CompareExpr A CompareExpr, namely comparison expression can be relational operations on two IDENTIFIERs, or relational operations on one IDENTIFIER and one ConstantExpr, or ternary operation on two ConstantExprs and one IDENTIFIER.
SingleExpr SingleExpr, namely single expression, can be either a TermExpr or a CompareExpr.
LogicalExpr A LogicalExpr can be a BinaryLogicalOp on two LogicalExprs, or a UnaryLogicalOp on a single LogicalExpr, or a LogicalExpr grouped within parentheses, or a SingleExpr. The LogicalExpr is defined recursively.
Expr Expr, an abbreviation meaning expression, can be LogicalExpr or NIL.

Operators

Logical operators:

Logical operators perform a comparison between two expressions.

Symbol Operation Example Description
'and' && and expr1 && expr2 True if both expr1 and expr2 are true.
'or' || or expr1 || expr2 True if either expr1 or expr2 are true.

Binary arithmetic operators:

Binary arithmetic operators contain two operands and can perform basic arithmetic operations and return the corresponding result.

Symbol Operation Example Description
+ Addition a + b Add the two operands.
- Subtraction a - b Subtract the second operand from the first operand.
* Multiplication a * b Multiply the two operands.
/ Division a / b Divide the first operand by the second operand.
** Power a ** b Raise the first operand to the power of the second operand.
% Modulo a % b Divide the first operand by the second operand and yield the remainder portion.

Relational operators:

Relational operators use symbols to check for equality, inequality, or relative order between two expressions.

Symbol Operation Example Description
< Less than a < b True if a is less than b.
> Greater than a > b True if a is greater than b.
== Equal a == b True if a is equal to b.
!= Not equal a != b True if a is not equal to b.
<= Less than or equal a <= b True if a is less than or equal to b.
>= Greater than or equal a >= b True if a is greater than or equal to b.

Operator precedence and associativity:

The following table lists the precedence and associativity of operators. Operators are listed top to bottom, in descending precedence.

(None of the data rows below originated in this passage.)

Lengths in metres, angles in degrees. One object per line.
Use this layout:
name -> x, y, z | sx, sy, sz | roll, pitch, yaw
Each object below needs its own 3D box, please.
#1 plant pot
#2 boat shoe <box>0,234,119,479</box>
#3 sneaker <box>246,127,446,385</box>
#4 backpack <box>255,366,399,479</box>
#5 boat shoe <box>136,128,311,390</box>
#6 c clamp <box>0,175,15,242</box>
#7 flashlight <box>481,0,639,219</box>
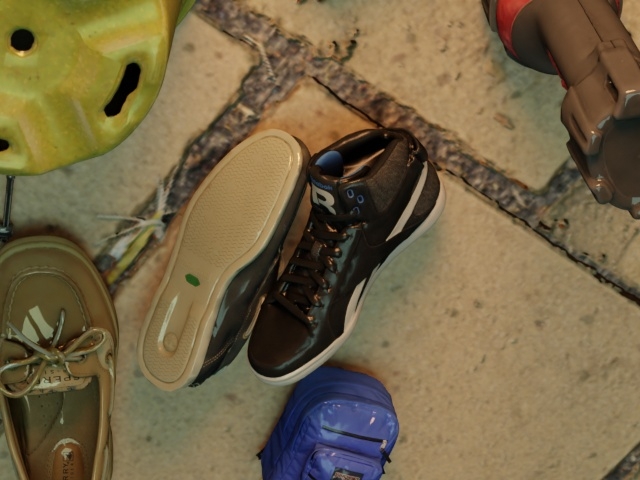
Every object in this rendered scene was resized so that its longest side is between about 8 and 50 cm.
plant pot -> -0.195, -0.177, 1.198 | 0.276, 0.254, 0.276 | -3, 121, -5
boat shoe -> -0.211, 0.129, 1.467 | 0.105, 0.089, 0.285 | -7, 122, -3
sneaker -> 0.000, 0.000, 1.377 | 0.217, 0.079, 0.121 | -51, 144, -12
backpack -> 0.016, 0.174, 1.519 | 0.098, 0.101, 0.120 | 14, 114, -22
boat shoe -> -0.068, 0.014, 1.441 | 0.079, 0.084, 0.233 | 3, 120, -52
c clamp -> -0.321, 0.002, 1.424 | 0.161, 0.022, 0.137 | -1, 125, -8
flashlight -> 0.186, -0.118, 1.250 | 0.103, 0.304, 0.103 | 27, 115, -21

Precedence Operator Description Associativity
1 + - UnaryArithOp Left-to-right
2 not UnaryLogicOp Right-to-left
3 ** BinaryArithOp Left-to-right
4 * / % BinaryArithOp Left-to-right
5 + - BinaryArithOp Left-to-right
6 < <= > >= CmpOp Left-to-right
7 == != CmpOp Left-to-right
8 && and BinaryLogicOp Left-to-right
9 || or BinaryLogicOp Left-to-right
  • Expressions are normally evaluated from left to right. Complex expressions are evaluated one at a time. The order in which the expressions are evaluated is determined by the precedence of the operators used.
  • If an expression contains two or more operators with the same precedence, the operator to the left is evaluated first.
  • When a lower precedence operation should be processed first, it should be enclosed within parentheses.
  • Parentheses can be nested within expressions. Innermost parenthetical expressions are evaluated first.